Waging war on labor unions, taking away public employees' collective bargaining rights? Check.

Cutting funds for Planned Parenthood? Check.

Rolling back equal pay protections for women? Check.

So where does this blueprint leave us?

Wisconsin is now dead last in the nation, according to the Bureau of Labor Statistics, for job loss.

Between January 2011 and January 2012, while 44 states and the nation as a whole were adding jobs, Wisconsin was one of only six states to lose jobs--and Wisconsin's job loss was the worst among that handful of losers.

In its latest jobs report, the Bureau of Labor Statistics reports that Wisconsin shed 23,900 jobs between March 2011 and March 2012. Wisconsin was the only state with a statistically significant percentage change in employment to report a net loss, the report stated.

The jury is in. The GOP's trickle-down policies have failed in Wisconsin.

Walker came into office promising to add 250,000 new jobs in the state during his first term in office. Instead, month after month, Wisconsin has suffered job losses, finally drifting to the very bottom.

Worse, Walker's policies have set the state up for an even bleaker future.

One of the first things Walker did as governor was to eliminate the apprenticeship program for African Americans in Milwaukee who wanted to get into a trade.

His 30 percent cuts to the state's vocational and technical colleges have created long waiting lists for training programs in the skilled trades--for the kinds of jobs that attract employers and lead to stable, well-paid employment.

Just when Milwaukee thought that the Talgo corporation was going to create 500 new jobs in the inner city to make train cars for the high-speed rail line originally envisioned by former Republican Gov. Tommy Thompson, Walker killed the plan, turning away $810 million in federal money that was already allocated. Other states, including neighboring Illinois, took that money instead.

Walker's historic $1.8 billion in cuts to the state's top-tier public school system aims, ironically, aims directly at one of the biggest assets the state advertisers to employers.

The web site for Forward Wisconsin, the nonprofit corporation established to market Wisconsin to companies that might want to locate here, promotes the state's high-quality public schools and highly trained teachers as Wisconsin's number-one selling point.

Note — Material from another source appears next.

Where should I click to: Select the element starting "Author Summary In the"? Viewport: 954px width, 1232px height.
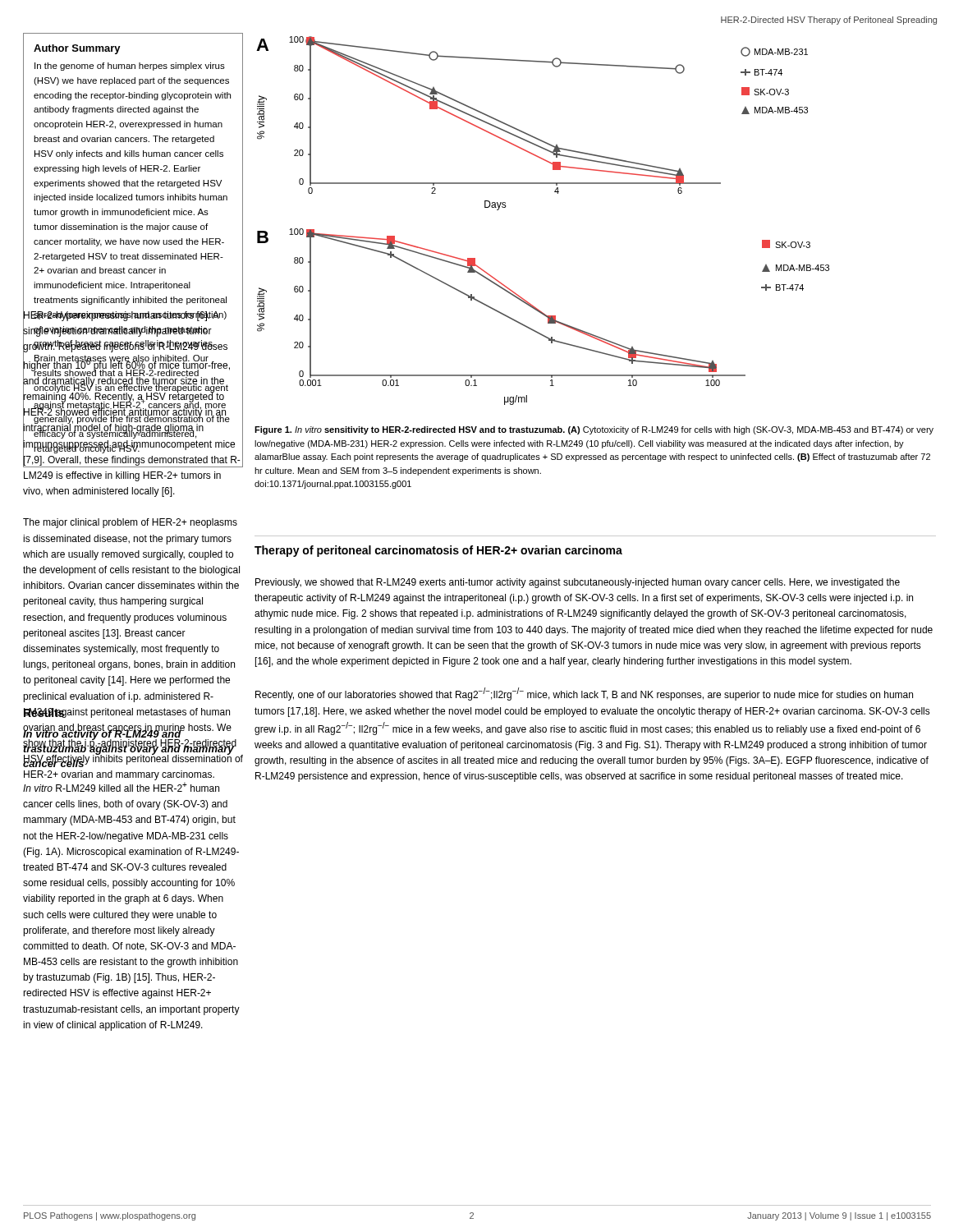tap(133, 249)
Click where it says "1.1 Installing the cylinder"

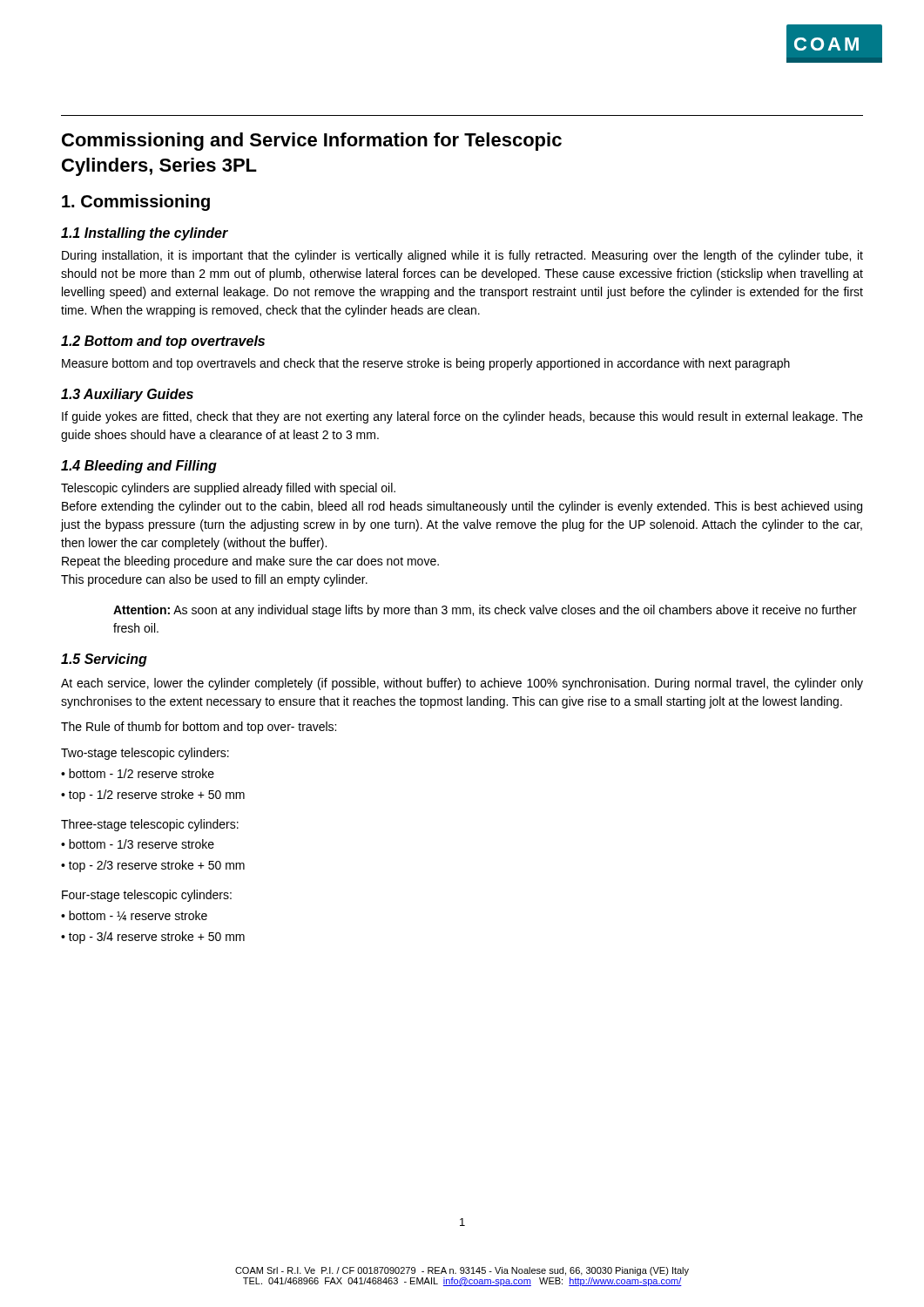[x=144, y=233]

The targets of Walker's austerity budget-- infrastructure, education, and job training--are the very areas of public investment that support a strong economy and a well-paid workforce.

Steven Deller, a professor of applied economics at the University of Wisconsin, who studied the ripple effects of Walker's budget as well as the attack on public employees' collective bargaining rights, projected that the plans would mean job losses for years into the future.

Perhaps most telling is the contrast between Wisconsin and Illinois, its nearest neighbor to the south, which passed the biggest business and personal income tax increases in the nation in January.

In a speech on April 17 in Springfield, Walker chided the tax-and-spend liberalism of Illinois Governor Pat Quinn, saying that, by taxing corporations, the state was going to lose jobs. “When you raise taxes on businesses, that wealth and opportunity and those jobs more often than not go somewhere else.”

But the Bloomberg Economic Evaluation of States Index shows just the opposite. Trickle-down economics have hurt Wisconsin, while Illinois is doing significantly better.

Illinois ranked third in the Bloomberg index. Wisconsin came in forty-second. (The index includes measures of personal income, tax revenue and employment.)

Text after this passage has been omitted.